Study: Dry climates aid airborne viruses
CU findings could explain why people are more susceptible in areas with low humidity
Colorado’s dry climate is ideal for airborne viruses to survive, according to a new study published in PNAS Nexus by researchers at the University of Colorado, potentially explaining why people who live in dry climates are more susceptible to such infections.
This study, which incorporated a live coronavirus that does not cause COVID-19, showed that airborne viral particles in artificial saliva remain infectious for nearly twice as long in a drier climate than in a humid one.
The research was conducted by watching how the virus in artificial saliva reacted to different relative humidity climates
The researchers set the humidity inside a bioaerosol chamber to 60%, 40% and 25%. At 60% and 40% humidity, the number of virus particles in saliva dropped by half in an hour. At 25%, which is Colorado’s average relative humidity, it took two hours for the number of particles to drop by half.
“This study is very relevant to Colorado because we have such low relative humidity,” study coauthor Marina Nieto- Caballero said. “We were honestly not expecting that lower relative humidity would double the infectious potential of the virus. That was something that surprised us.
he study also found that at lower relative humidity saliva has a significant protective effect on airborne murine coronavirus because the saliva formed a gelatinous shield around the particles, providing extra protection.
Mark Hernandez, the study’s senior author, operates a lab at CU known for its chamber that aerosolizes “bad stuff,” such as whooping cough and tuberculosis.
Hernandez got the opportunity to do this study in 2020, during the early stages of the pandemic.
Phi lanthropists donated money to Hernandez to study the virus — not to work on developing a vaccine, but to research how the pandemic was spreading. Although Hernandez donated some of the research money to provide Colorado elementary and secondary schools with air purifiers; most of it went to adapting his lab to the new study.
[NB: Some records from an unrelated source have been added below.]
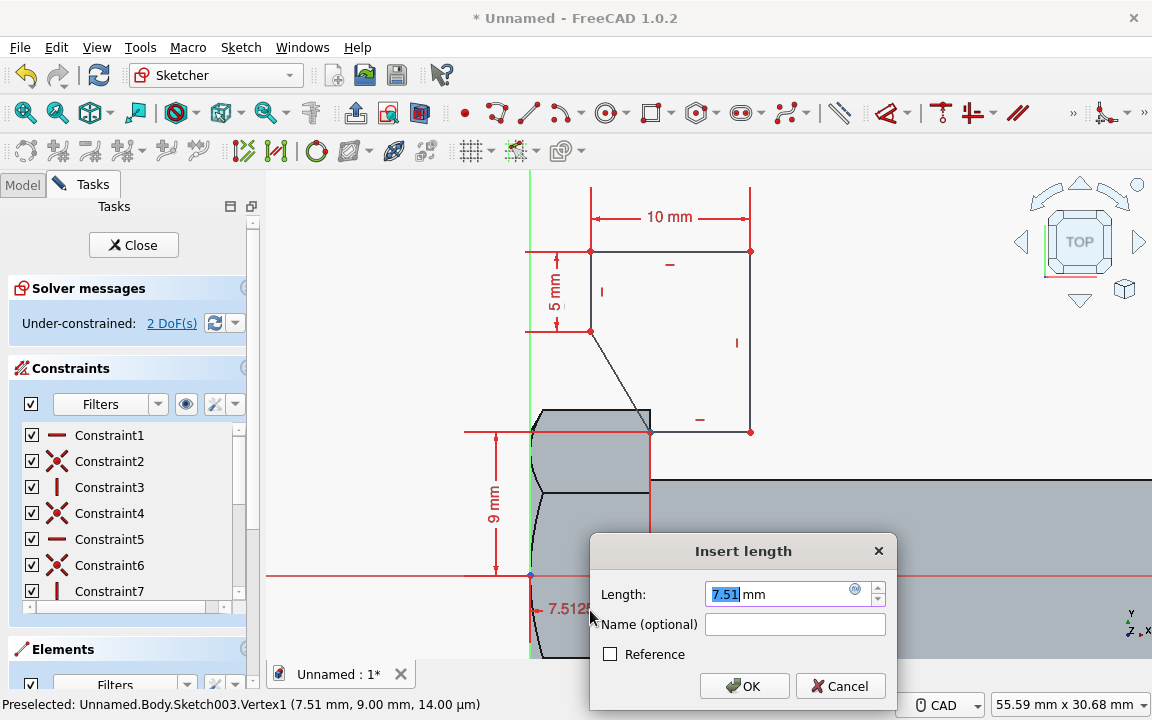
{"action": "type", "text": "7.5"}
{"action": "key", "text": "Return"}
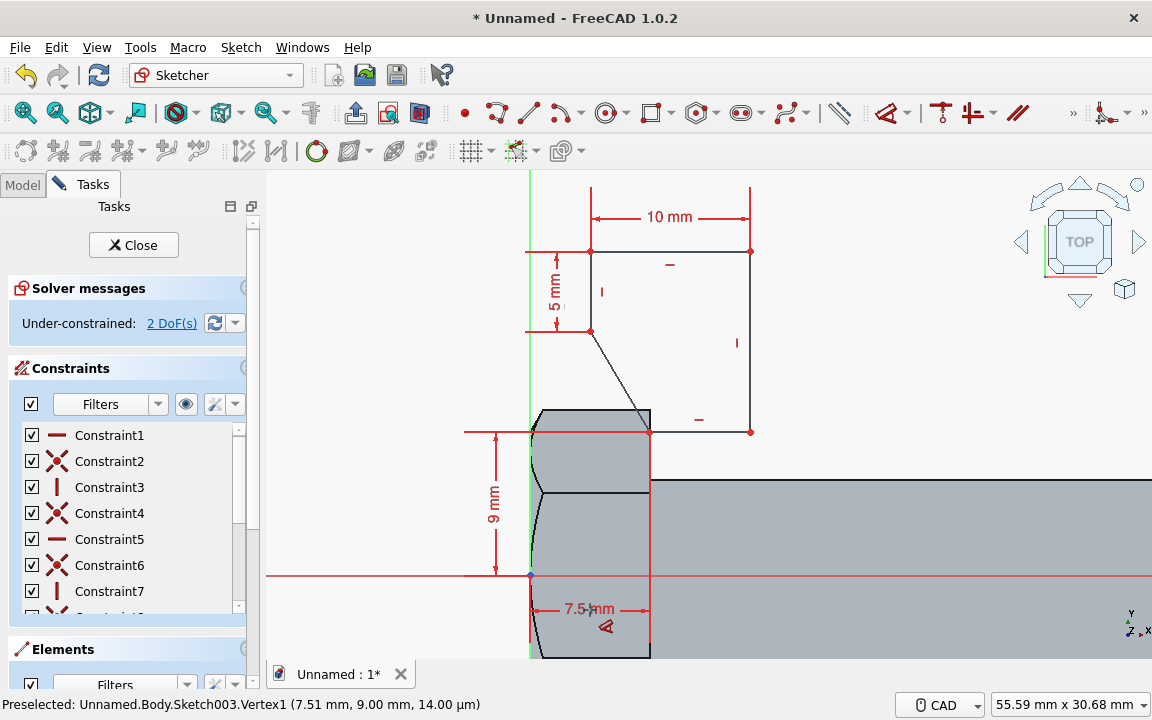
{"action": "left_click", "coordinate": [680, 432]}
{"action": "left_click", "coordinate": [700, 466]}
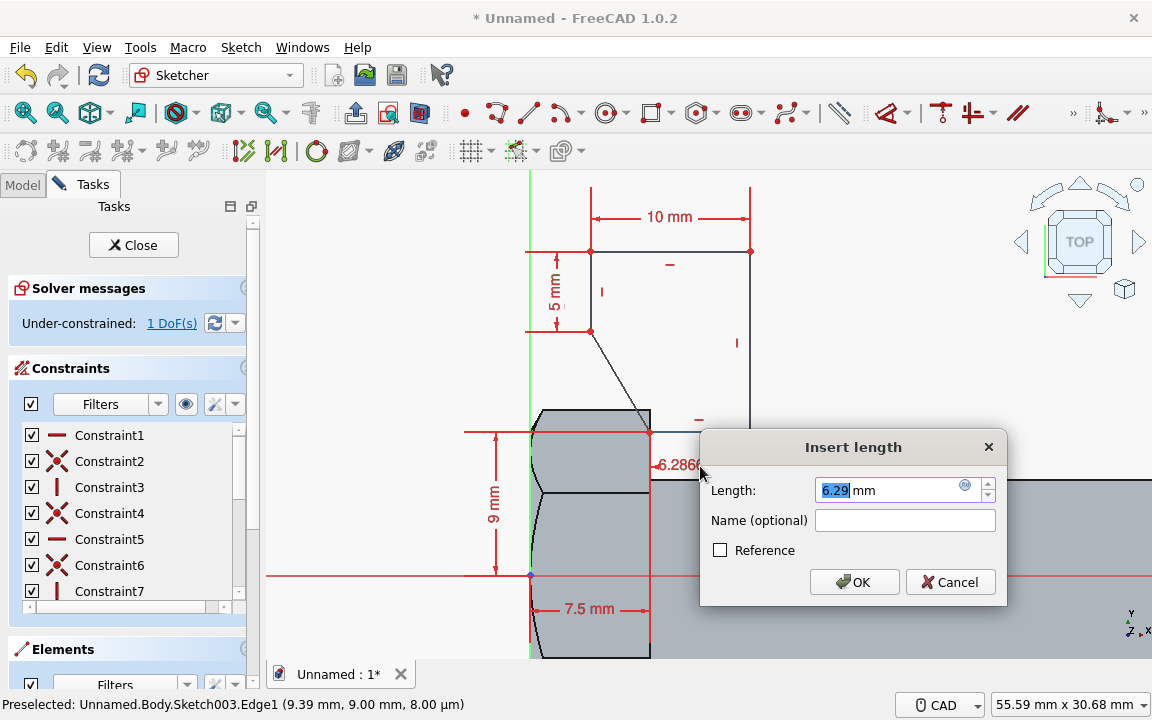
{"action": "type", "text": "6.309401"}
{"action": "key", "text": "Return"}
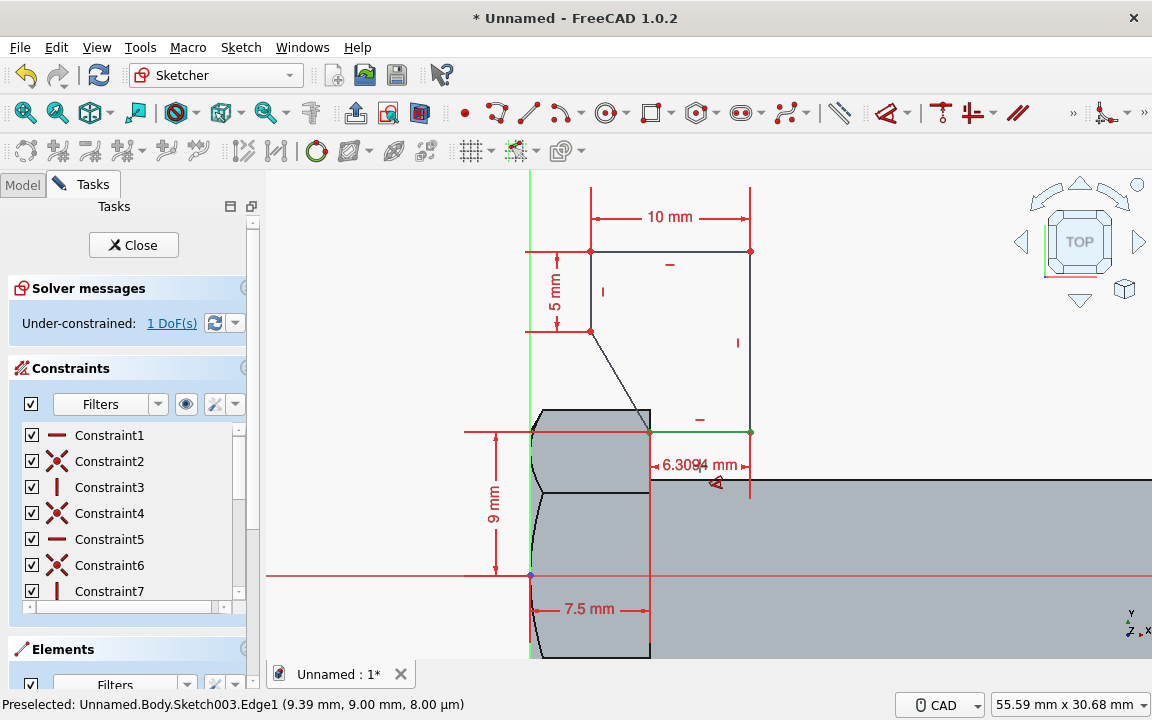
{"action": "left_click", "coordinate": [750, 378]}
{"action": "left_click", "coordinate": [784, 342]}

Hernandez said the study got two strokes of luck: a specialized instrument that is able to catch airborne microbes becoming available just in time for the study, and an Uruguayan virologist getting stuck in Colorado because of COVID-19, making him available to join the research.
The new instrument improved the quality of the team’s research because it better protected the quality of the collected microbes for counting than previously available instruments. That quality helped improve the accuracy of the team’s findings on infectious levels.
Eddie Fuques Villalba, now studying for his PH.D. in microbiology at Oregon State University, was the “perfect addition to the team,” Hernandez said, pointing to his work with viruses during his undergraduate studies in Uruguay and working with earlier coronavirus strains and their effects on chickens.
Hernandez’s team also included three former CU students who returned to participate in the study, including Nieto- Caballero, now a researcher at Colorado State University.
To combat virus survival rates in dry climates such as Colorado’s, the study suggests increasing the use of air filters and ventilation in rooms.
“We need to learn to adapt. And you see it everywhere. Climate change, energy, health, right?” Hernandez said.
“Civilization needs to learn to adapt to these major changes, the pandemic just being one of them.”